Documenting your changes well demonstrates some good things. First,
it's considerate to the person you are trying to persuade. Second, it
shows that you understand the ramifications of your change well enough
to explain it to somebody who can't see the code. Third, it demonstrates
that you care about the people who will ultimately use the software.
Good documentation is usually the most visible sign of what separates
a solid contribution from a quick and dirty hack. If you take the time
and care necessary to produce it, you'll find you're already 85% of the
way to having your patch accepted by most developers.
Do include an explanation with your patch.

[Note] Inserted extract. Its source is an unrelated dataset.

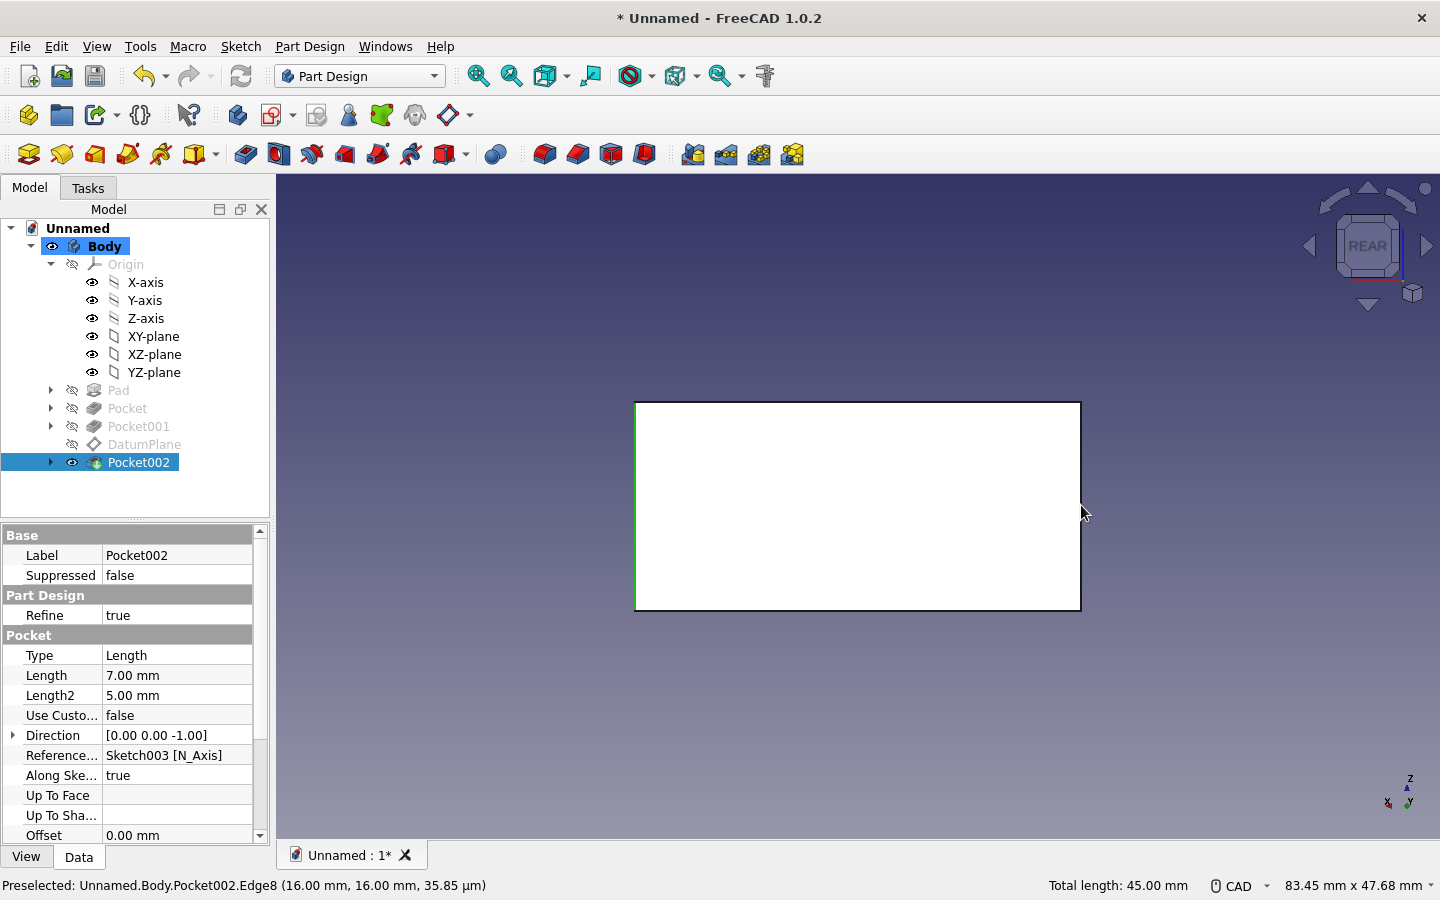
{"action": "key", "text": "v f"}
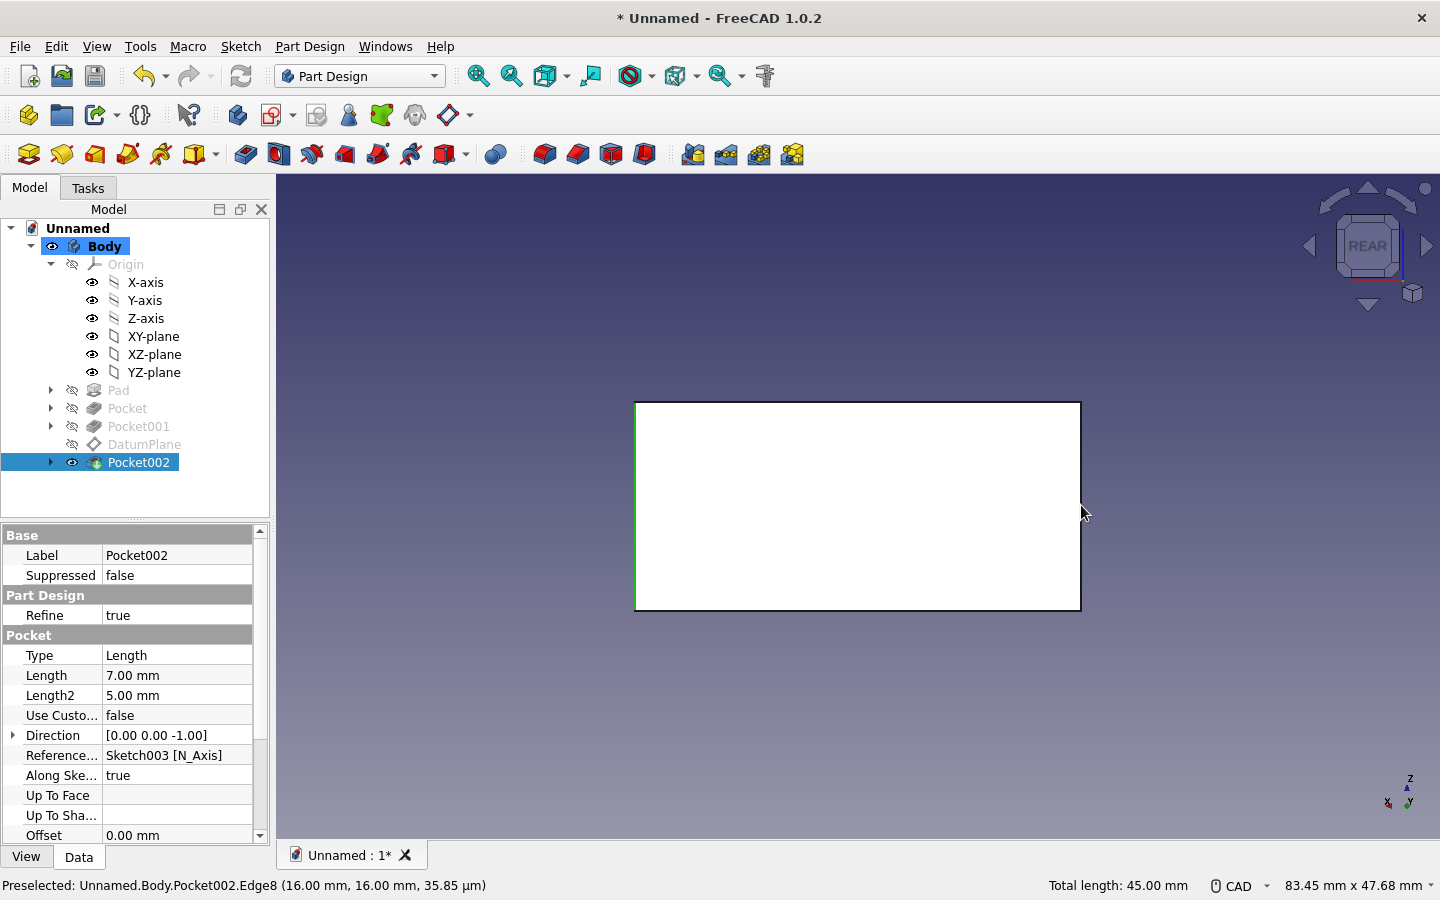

Your patch should include cover notes explaining why you think the
patch is necessary or useful. This is explanation directed not to the
users of the software but to the maintainer to whom you are sending the
patch.
The note can be short — in fact, some of the most
effective cover notes I've ever seen just said “See the
documentation updates in this patch”. But it should show the
right attitude.
The right attitude is helpful, respectful of the maintainer's time,
quietly confident but unassuming. It's good to display understanding of
the code you're patching. It's good to show that you can identify with the
maintainer's problems. It's also good to be up front about any risks you
perceive in applying the patch. Here are some examples of the sorts of
explanatory comments that experienced developers send:
“I've seen two problems with this code, X and Y. I fixed
problem X, but I didn't try addressing problem Y because I don't think
I understand the part of the code that I believe is
involved”.
“Fixed a core dump that can happen when one of the foo
inputs is too long. While I was at it, I went looking for similar
overflows elsewhere. I found a possible one in blarg.c, near line
666. Are you sure the sender can't generate more than 80 characters
per transmission?”
“Have you considered using the Foonly algorithm for this
problem? There is a good implementation at
<https://www.example.com/~jsmith/foonly.html>”.
“This patch solves the immediate problem, but I realize it
complicates the memory allocation in an unpleasant way. Works for me,
but you should probably test it under heavy load before
shipping”.
“This may be featuritis, but I'm sending it anyway.
Maybe you'll know a cleaner way to implement the
feature”.
Do include useful comments in your code.
A maintainer will want to have strong confidence that he
understands your changes before merging them in. This isn't an
invariable rule; if you have a track record of good work with the
maintainer, he may just run a casual eye over the changes before
checking them in semiautomatically. But everything you can do to
help him understand your code and decrease his uncertainty increases
your chances that your patch will be accepted.
Good comments in your code help the maintainer understand it.
Bad comments don't.
Here's an example of a bad comment:
/* norman newbie fixed this 13 Aug 2001 */
This conveys no information. It's nothing but a muddy
territorial bootprint you're planting in the middle of the
maintainer's code. If he takes your patch (which you've made less
likely) he will almost certainly strip out this comment. If you want
a credit, include a patch band for the project
NEWS or HISTORY file. He's
more likely to take that.
Here's an example of a good comment:
/*
* This conditional needs to be guarded so that crunch_data() never
* gets passed a NULL pointer. <norman_newbie@foosite.com>
*/
This comment shows that you understand not only the maintainer's
code but the kind of information that he needs to have confidence in
your changes. This kind of comment
gives
him
confidence in your changes.
Don't take it personally if your patch is rejected
There are lots of reasons a patch can be rejected that don't
reflect on you. Remember that most maintainers are under heavy time
pressure, and have to be conservative in what they accept lest the
project code get broken. Sometime resubmitting with improvements
will help. Sometimes it won't. Life is hard.